When you add two waves that are equal except one has its polarity reversed with respect the other, you get silence. One cool practical use of this is getting the acapella of a song by using the original song and its polarity-reversed instrumental version.
Is there anything similar to this in the visual world? It'd be handy to get rid of, say, watermarks.
>>312312
...image arithmetics?
>One cool practical use of this is getting the acapella of a song by using the original song and its polarity-reversed instrumental version.
Except it never works because of mastering nuances.
>>312312
I suppose if you had the file used to make a watermark, you could invert it then use opacity or layer styles to remove it
>>312312
it would work on pictures( if the watermark is white), but not on text. if the watermark is black, you'end up with grey text
>>312312
there are ways to do that, equally as easy as audio signal inversion for getting an acapella too.
but you're faced with the same issues as your are in the audio realm... It turns out like shit if your source is a low resolution.
And if the maker of the source material has any kind of brain, they wouldn't provide a high resolution file with a watermark because it's so easy to remove.
>>312312
The silence (S) consists of one arbitrary wave (W) and this same wave (-W) but polarity inverted.
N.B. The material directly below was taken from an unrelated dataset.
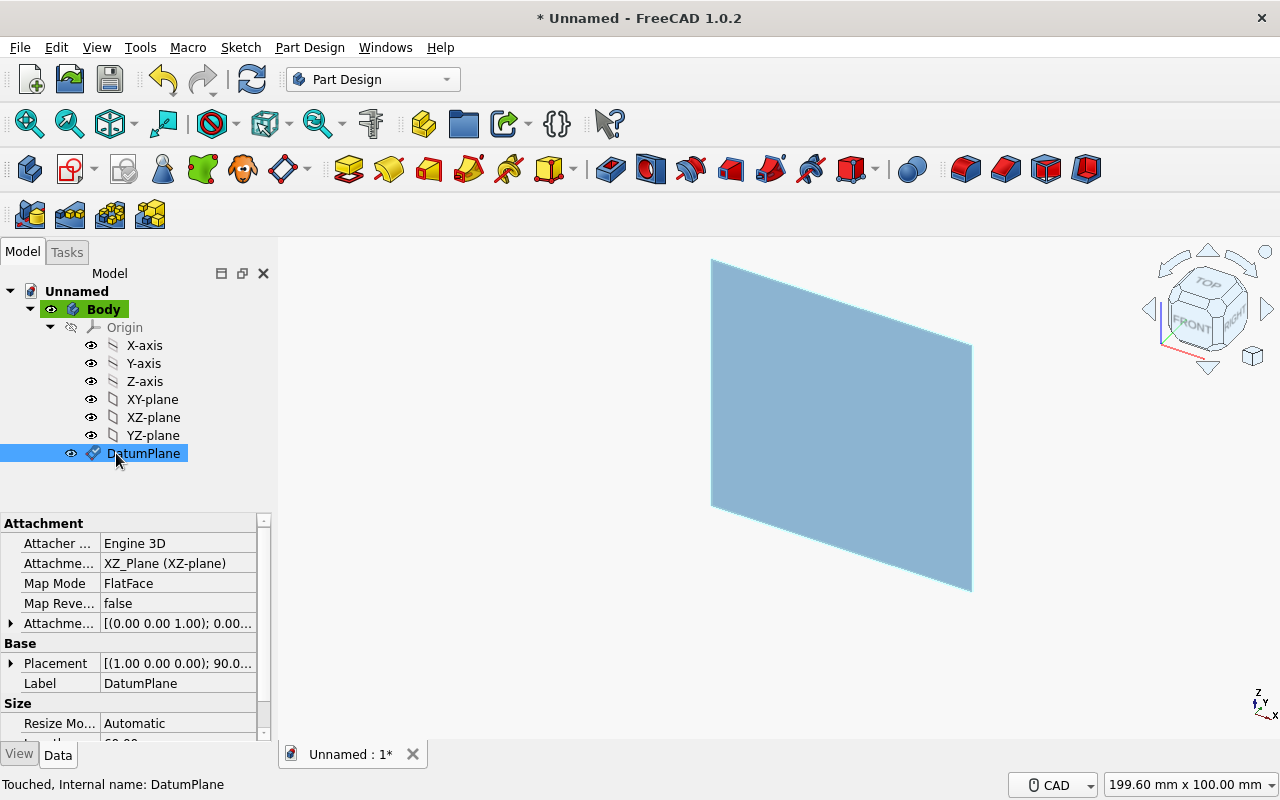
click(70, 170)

This consists of 1 variable (w and -w).
The watermarked picture (W) consists of a picture (X) mixed with another picture (Y). (+some function which controls the mixing)
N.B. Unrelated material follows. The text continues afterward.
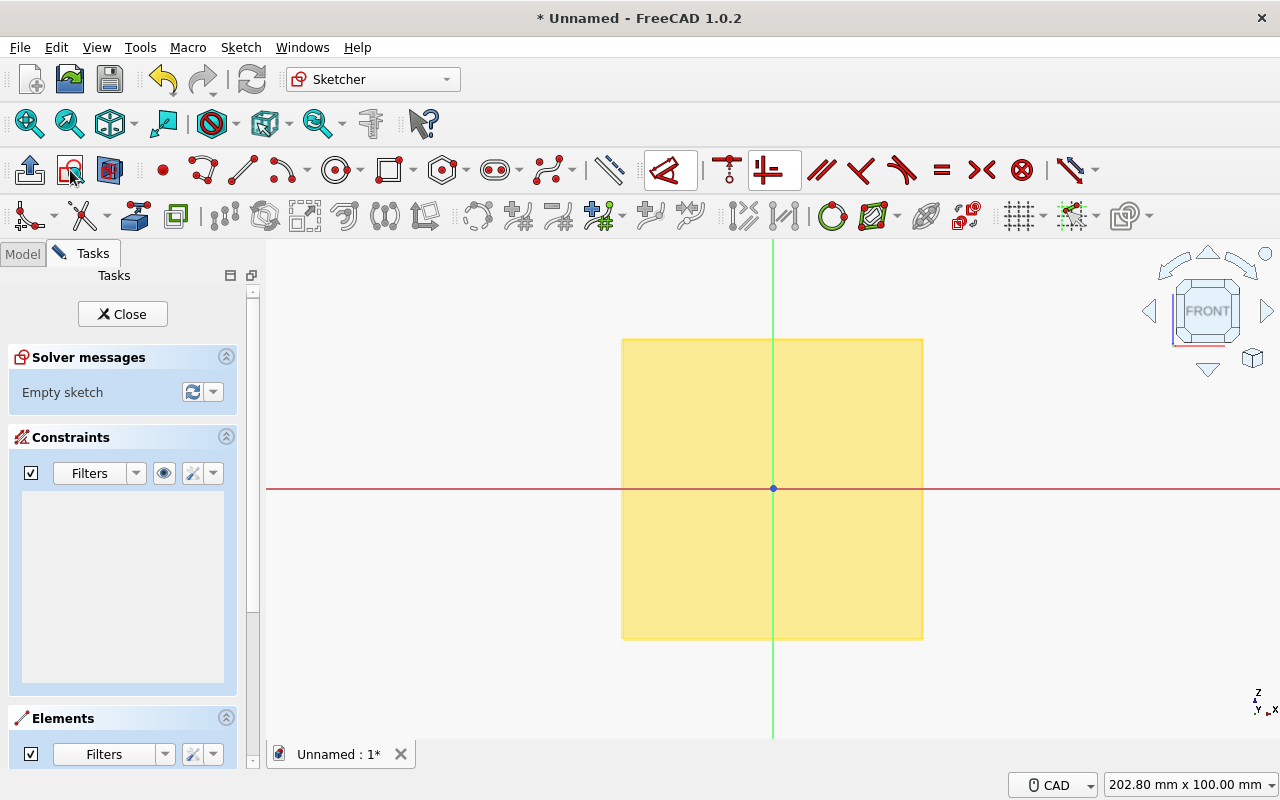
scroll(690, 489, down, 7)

Now you've got 2 variables (picture X + totally diferent picture Y).
Probably impossible to seperate X and Y unless you've got the original picture or the bare watermark.
Now you could always buy the original picture to unmix the watermarked picture and get the original watermark (sort of like decrypting)
With this watermark you can unmix other pictures.
But there's multiple things that come to my mind:
* what if the watermark is not a constant but variable
* jpeg/lossy artifacts
Anyway I've probably spent to much time on this... Have a good night!
It works with images too, on theory, but it's not likely you can use the trick in a real production environment because if it's even a tad lossy, the compression artifacts and/or color loss will fuck you up.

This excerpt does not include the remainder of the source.